X2.10 E[I-E(I)]^3 = E[I^3-3I^2E(I)+3IE(I)^2-E(I)^3] (I think the assignment solution is incorrect as it looks like its cancelled some term prematurely??) = E(I^3)-3E(I^2)E(I)+3E(I)E(I)^2-E(I)^3 = E(I^3)-3qE(I^2)+2q^3 (as per solution) Haven't looked at the other question, sorry.
Thanks for your reply! I had the same explanation in mind. Anyone knows about the other two questions? Thanks!
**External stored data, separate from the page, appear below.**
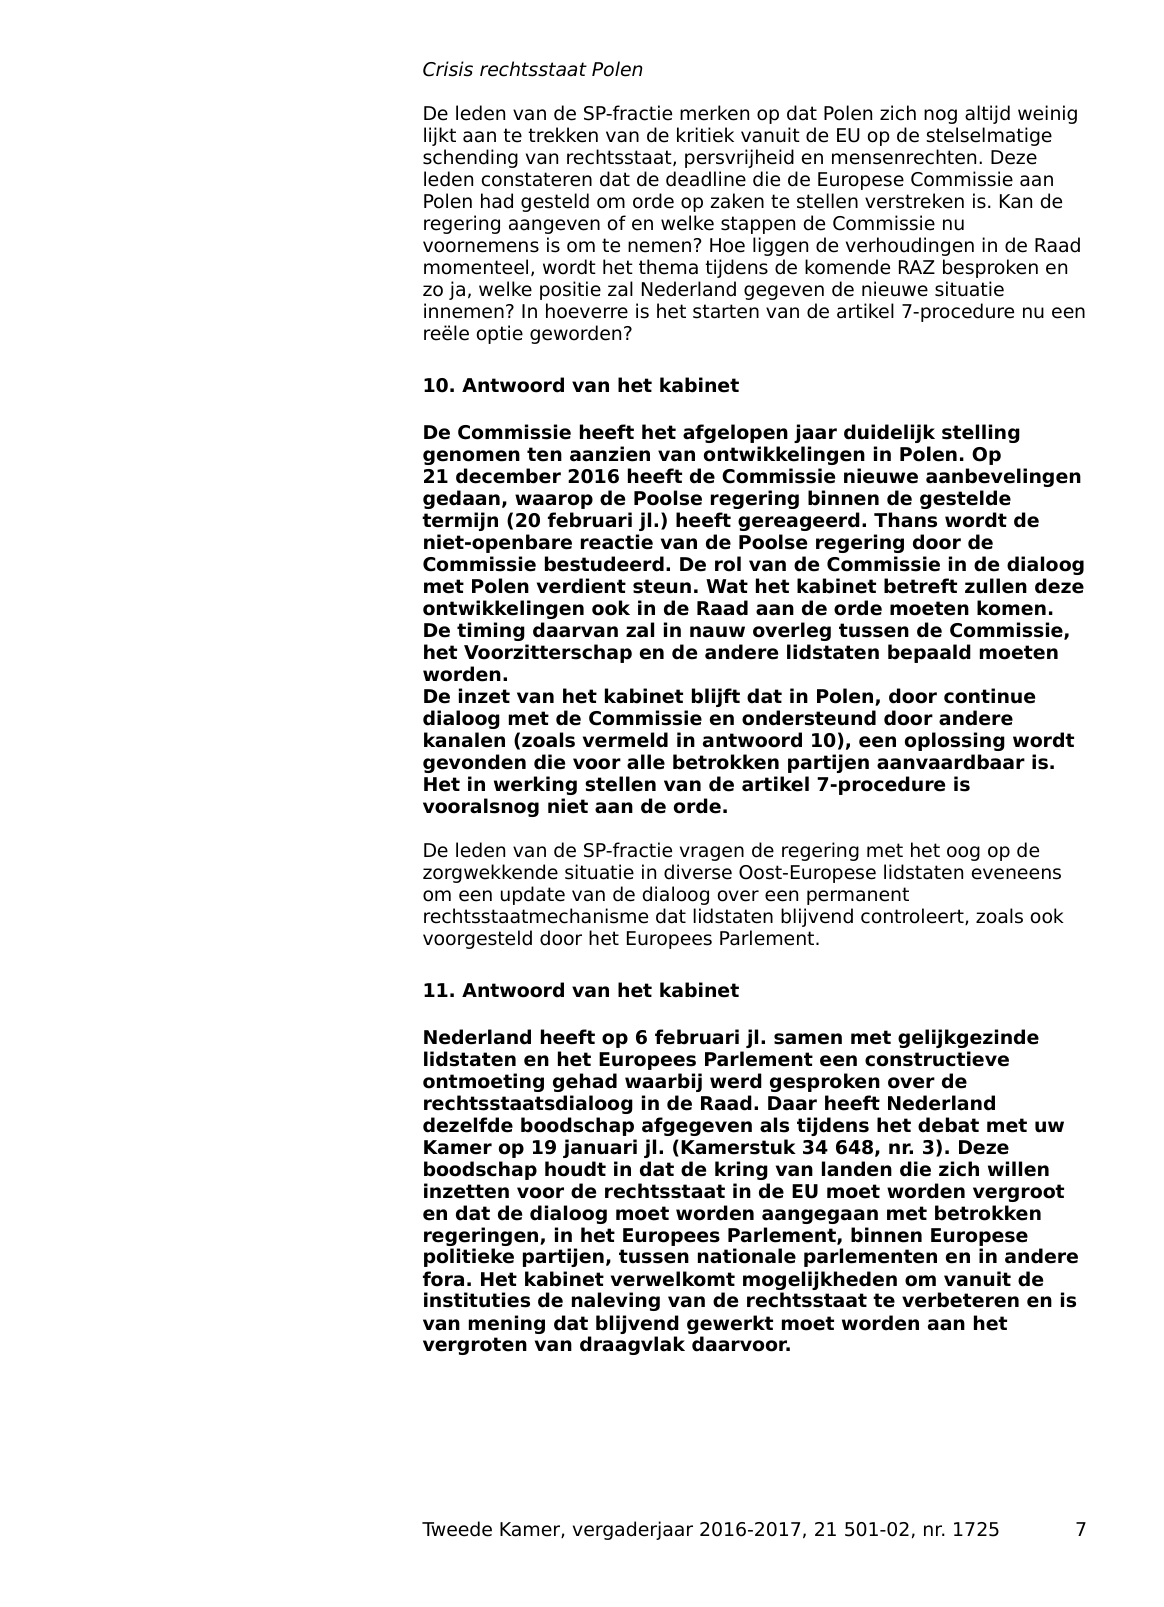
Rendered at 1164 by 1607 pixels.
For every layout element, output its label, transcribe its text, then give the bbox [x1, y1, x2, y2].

text De leden van de SP-fractie merken op dat Polen zich nog altijd weinig lijkt aan te trekken van de kritiek vanuit de EU op de stelselmatige schending van rechtsstaat, persvrijheid en mensenrechten. Deze leden constateren dat de deadline die de Europese Commissie aan Polen had gesteld om orde op zaken te stellen verstreken is. Kan de regering aangeven of en welke stappen de Commissie nu voornemens is om te nemen? Hoe liggen de verhoudingen in de Raad momenteel, wordt het thema tijdens de komende RAZ besproken en zo ja, welke positie zal Nederland gegeven de nieuwe situatie innemen? In hoeverre is het starten van de artikel 7-procedure nu een reële optie geworden? [422, 103, 1087, 345]
text De Commissie heeft het afgelopen jaar duidelijk stelling genomen ten aanzien van ontwikkelingen in Polen. Op 21 december 2016 heeft de Commissie nieuwe aanbevelingen gedaan, waarop de Poolse regering binnen de gestelde termijn (20 februari jl.) heeft gereageerd. Thans wordt de niet-openbare reactie van de Poolse regering door de Commissie bestudeerd. De rol van de Commissie in de dialoog met Polen verdient steun. Wat het kabinet betreft zullen deze ontwikkelingen ook in de Raad aan de orde moeten komen. De timing daarvan zal in nauw overleg tussen de Commissie, het Voorzitterschap en de andere lidstaten bepaald moeten worden. [422, 422, 1087, 686]
subtitle 10. Antwoord van het kabinet [422, 375, 1087, 397]
text De inzet van het kabinet blijft dat in Polen, door continue dialoog met de Commissie en ondersteund door andere kanalen (zoals vermeld in antwoord 10), een oplossing wordt gevonden die voor alle betrokken partijen aanvaardbaar is. Het in werking stellen van de artikel 7-procedure is vooralsnog niet aan de orde. [422, 686, 1087, 818]
subtitle Crisis rechtsstaat Polen [422, 59, 1087, 81]
text De leden van de SP-fractie vragen de regering met het oog op de zorgwekkende situatie in diverse Oost-Europese lidstaten eveneens om een update van de dialoog over een permanent rechtsstaatmechanisme dat lidstaten blijvend controleert, zoals ook voorgesteld door het Europees Parlement. [422, 840, 1087, 950]
text Nederland heeft op 6 februari jl. samen met gelijkgezinde lidstaten en het Europees Parlement een constructieve ontmoeting gehad waarbij werd gesproken over de rechtsstaatsdialoog in de Raad. Daar heeft Nederland dezelfde boodschap afgegeven als tijdens het debat met uw Kamer op 19 januari jl. (Kamerstuk 34 648, nr. 3). Deze boodschap houdt in dat de kring van landen die zich willen inzetten voor de rechtsstaat in de EU moet worden vergroot en dat de dialoog moet worden aangegaan met betrokken regeringen, in het Europees Parlement, binnen Europese politieke partijen, tussen nationale parlementen en in andere fora. Het kabinet verwelkomt mogelijkheden om vanuit de instituties de naleving van de rechtsstaat te verbeteren en is van mening dat blijvend gewerkt moet worden aan het vergroten van draagvlak daarvoor. [422, 1027, 1087, 1356]
subtitle 11. Antwoord van het kabinet [422, 980, 1087, 1002]
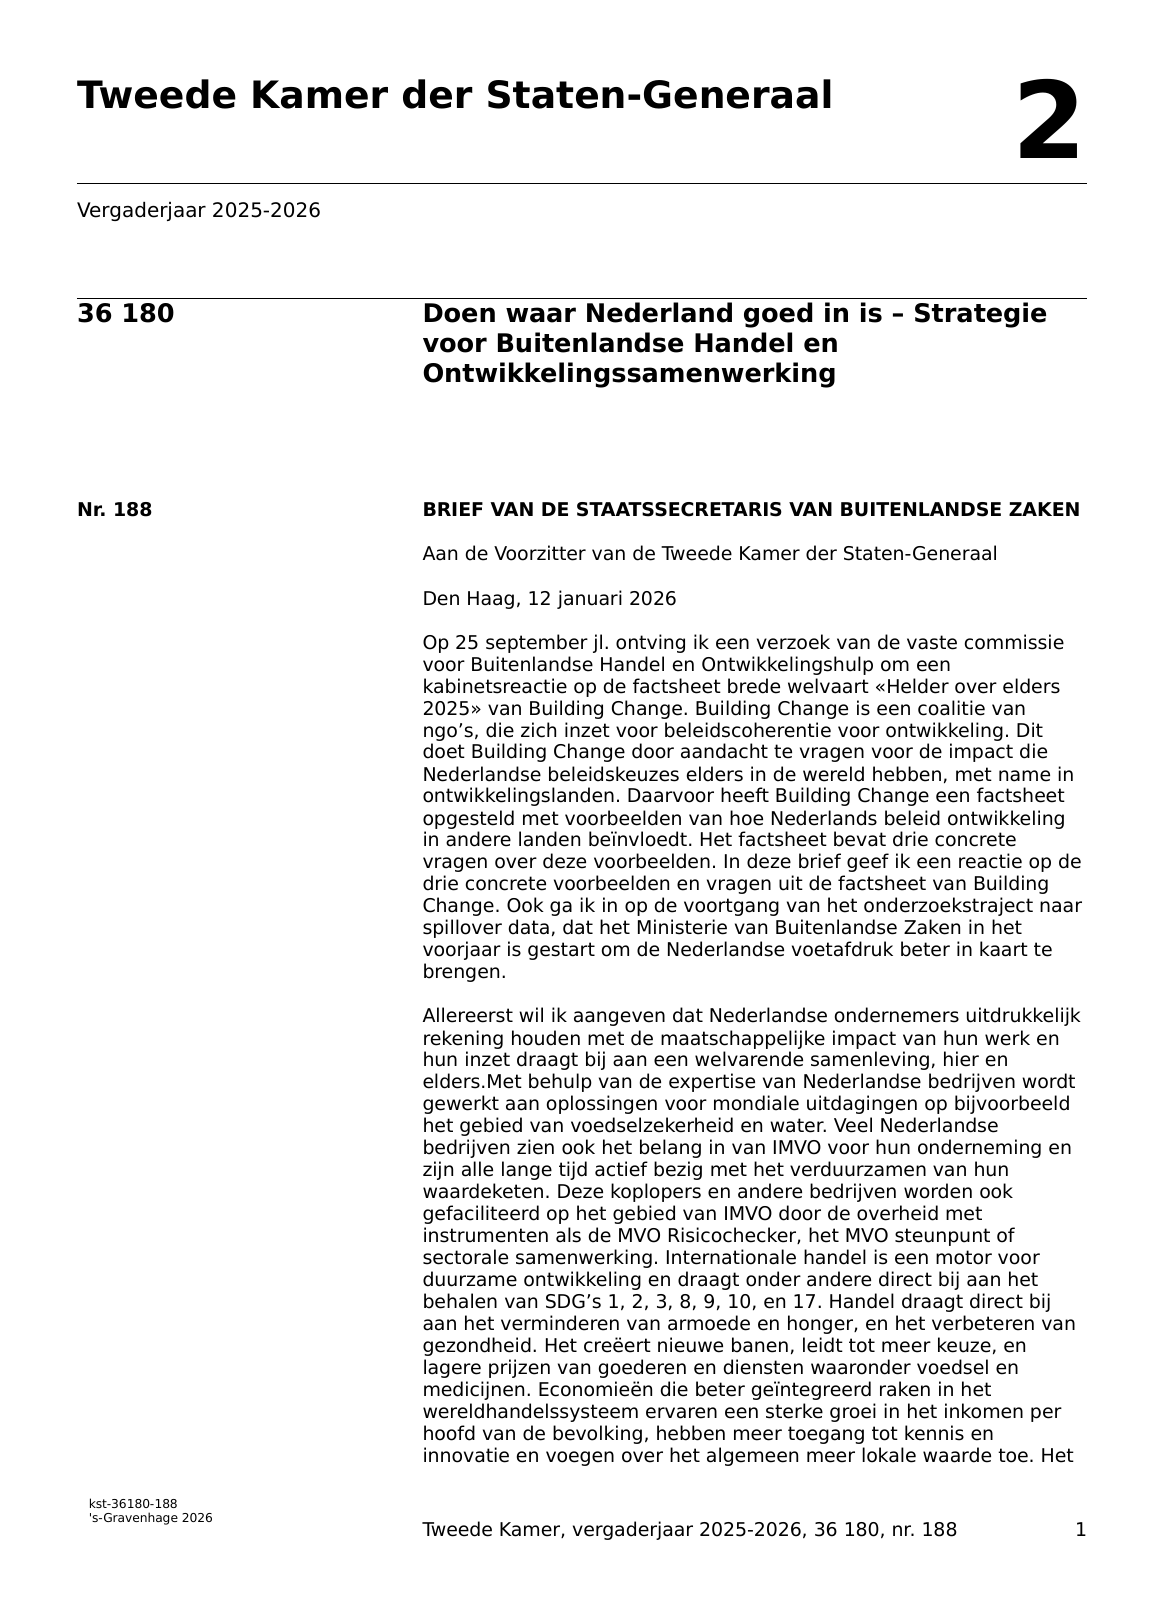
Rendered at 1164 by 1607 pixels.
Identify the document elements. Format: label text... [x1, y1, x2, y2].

table_header Tweede Kamer der Staten-Generaal [77, 59, 886, 183]
subtitle Nr. 188 BRIEF VAN DE STAATSSECRETARIS VAN BUITENLANDSE ZAKEN [77, 499, 1087, 521]
text Den Haag, 12 januari 2026 [422, 587, 1087, 609]
table_header 2 [886, 59, 1087, 183]
text 's-Gravenhage 2026 [88, 1511, 323, 1525]
text Op 25 september jl. ontving ik een verzoek van de vaste commissie voor Buitenlandse Handel en Ontwikkelingshulp om een kabinetsreactie op de factsheet brede welvaart «Helder over elders 2025» van Building Change. Building Change is een coalitie van ngo’s, die zich inzet voor beleidscoherentie voor ontwikkeling. Dit doet Building Change door aandacht te vragen voor de impact die Nederlandse beleidskeuzes elders in de wereld hebben, met name in ontwikkelingslanden. Daarvoor heeft Building Change een factsheet opgesteld met voorbeelden van hoe Nederlands beleid ontwikkeling in andere landen beïnvloedt. Het factsheet bevat drie concrete vragen over deze voorbeelden. In deze brief geef ik een reactie op de drie concrete voorbeelden en vragen uit de factsheet van Building Change. Ook ga ik in op de voortgang van het onderzoekstraject naar spillover data, dat het Ministerie van Buitenlandse Zaken in het voorjaar is gestart om de Nederlandse voetafdruk beter in kaart te brengen. [422, 632, 1087, 983]
subtitle 36 180 Doen waar Nederland goed in is – Strategie voor Buitenlandse Handel en Ontwikkelingssamenwerking [77, 299, 1087, 388]
text kst-36180-188 [88, 1497, 323, 1511]
table_cell Vergaderjaar 2025-2026 [77, 184, 1087, 298]
text Allereerst wil ik aangeven dat Nederlandse ondernemers uitdrukkelijk rekening houden met de maatschappelijke impact van hun werk en hun inzet draagt bij aan een welvarende samenleving, hier en elders.Met behulp van de expertise van Nederlandse bedrijven wordt gewerkt aan oplossingen voor mondiale uitdagingen op bijvoorbeeld het gebied van voedselzekerheid en water. Veel Nederlandse bedrijven zien ook het belang in van IMVO voor hun onderneming en zijn alle lange tijd actief bezig met het verduurzamen van hun waardeketen. Deze koplopers en andere bedrijven worden ook gefaciliteerd op het gebied van IMVO door de overheid met instrumenten als de MVO Risicochecker, het MVO steunpunt of sectorale samenwerking. Internationale handel is een motor voor duurzame ontwikkeling en draagt onder andere direct bij aan het behalen van SDG’s 1, 2, 3, 8, 9, 10, en 17. Handel draagt direct bij aan het verminderen van armoede en honger, en het verbeteren van gezondheid. Het creëert nieuwe banen, leidt tot meer keuze, en lagere prijzen van goederen en diensten waaronder voedsel en medicijnen. Economieën die beter geïntegreerd raken in het wereldhandelssysteem ervaren een sterke groei in het inkomen per hoofd van de bevolking, hebben meer toegang tot kennis en innovatie en voegen over het algemeen meer lokale waarde toe. Het [422, 1005, 1087, 1467]
text Aan de Voorzitter van de Tweede Kamer der Staten-Generaal [422, 543, 1087, 565]
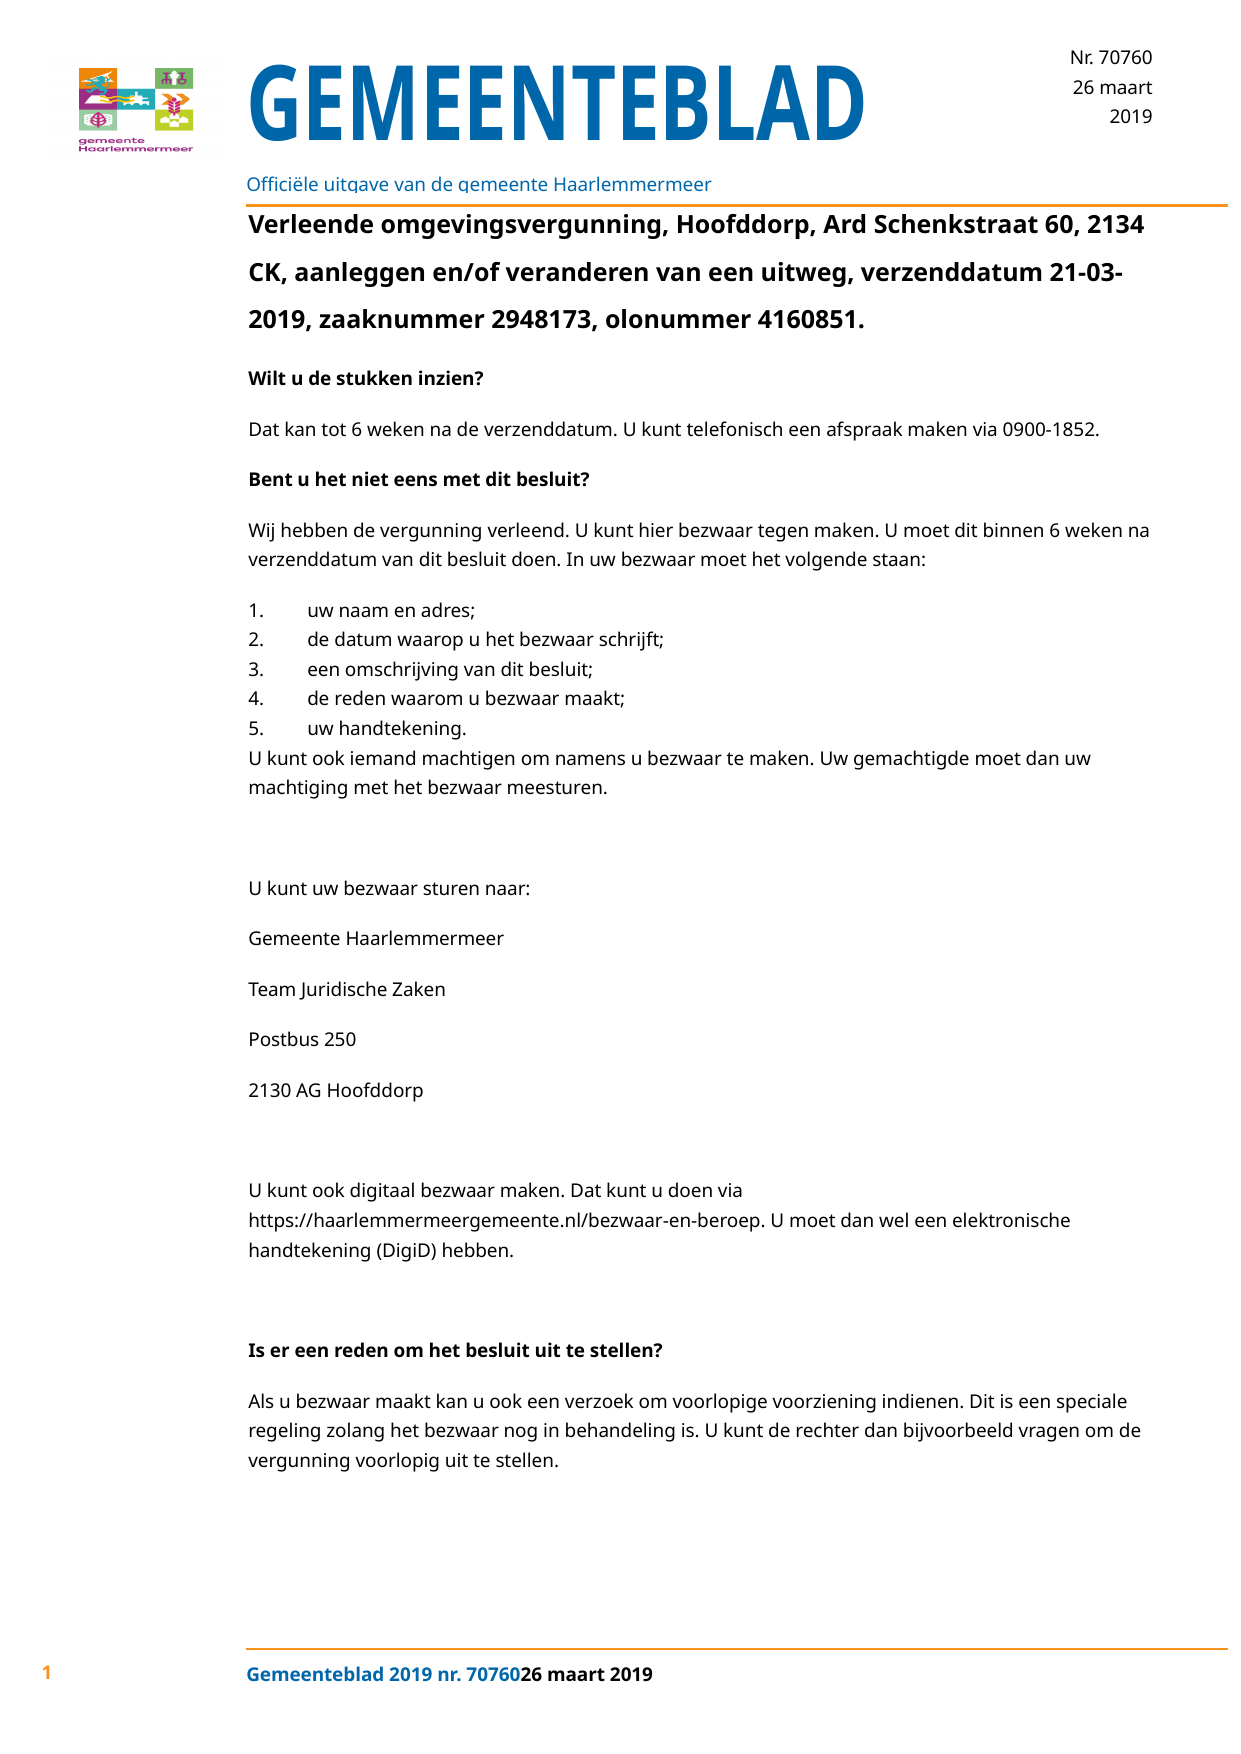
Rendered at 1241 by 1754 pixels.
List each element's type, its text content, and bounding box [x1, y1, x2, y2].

picture [41, 47, 231, 172]
list de datum waarop u het bezwaar schrijft; [248, 626, 1152, 652]
text Verleende omgevingsvergunning, Hoofddorp, Ard Schenkstraat 60, 2134 CK, aanleggen en/of veranderen van een uitweg, verzenddatum 21-03-2019, zaaknummer 2948173, olonummer 4160851. [248, 207, 1152, 336]
text Als u bezwaar maakt kan u ook een verzoek om voorlopige voorziening indienen. Dit is een speciale regeling zolang het bezwaar nog in behandeling is. U kunt de rechter dan bijvoorbeeld vragen om de vergunning voorlopig uit te stellen. [248, 1388, 1152, 1473]
text Team Juridische Zaken [248, 976, 1152, 1002]
list uw naam en adres; [248, 597, 1152, 622]
text U kunt uw bezwaar sturen naar: [248, 875, 1152, 901]
list de reden waarom u bezwaar maakt; [248, 686, 1152, 711]
text Bent u het niet eens met dit besluit? [248, 466, 1152, 492]
text Dat kan tot 6 weken na de verzenddatum. U kunt telefonisch een afspraak maken via 0900-1852. [248, 416, 1152, 442]
text Wilt u de stukken inzien? [248, 366, 1152, 391]
text Gemeente Haarlemmermeer [248, 926, 1152, 951]
text Wij hebben de vergunning verleend. U kunt hier bezwaar tegen maken. U moet dit binnen 6 weken na verzenddatum van dit besluit doen. In uw bezwaar moet het volgende staan: [248, 517, 1152, 572]
list uw handtekening. [248, 715, 1152, 741]
text Is er een reden om het besluit uit te stellen? [248, 1338, 1152, 1363]
list een omschrijving van dit besluit; [248, 656, 1152, 682]
text U kunt ook digitaal bezwaar maken. Dat kunt u doen via https://haarlemmermeergemeente.nl/bezwaar-en-beroep. U moet dan wel een elektronische handtekening (DigiD) hebben. [248, 1178, 1152, 1262]
text Postbus 250 [248, 1026, 1152, 1052]
text U kunt ook iemand machtigen om namens u bezwaar te maken. Uw gemachtigde moet dan uw machtiging met het bezwaar meesturen. [248, 745, 1152, 800]
text 2130 AG Hoofddorp [248, 1077, 1152, 1102]

It's looking at the proof that the sum of compound Poissons is also a compound Poisson from the end of Chapter 6. Suppose that S1 is compound Poisson with (Poisson) parameter 5 and claim distribution f1(x) and S2 is compound Poisson with parameter 3 and claim distribution f2(x) then: S is compound Poisson with parameter 5 + 3 = 8 and claim distribution: 5/8 f1(x) + 3/8 f2(x) Does this shed enough light to make the solution understandable? Yes if X and Y are independent then: var(X + Y) = var(X) + var(Y) skew(X + Y) = skew(X) + skew(Y)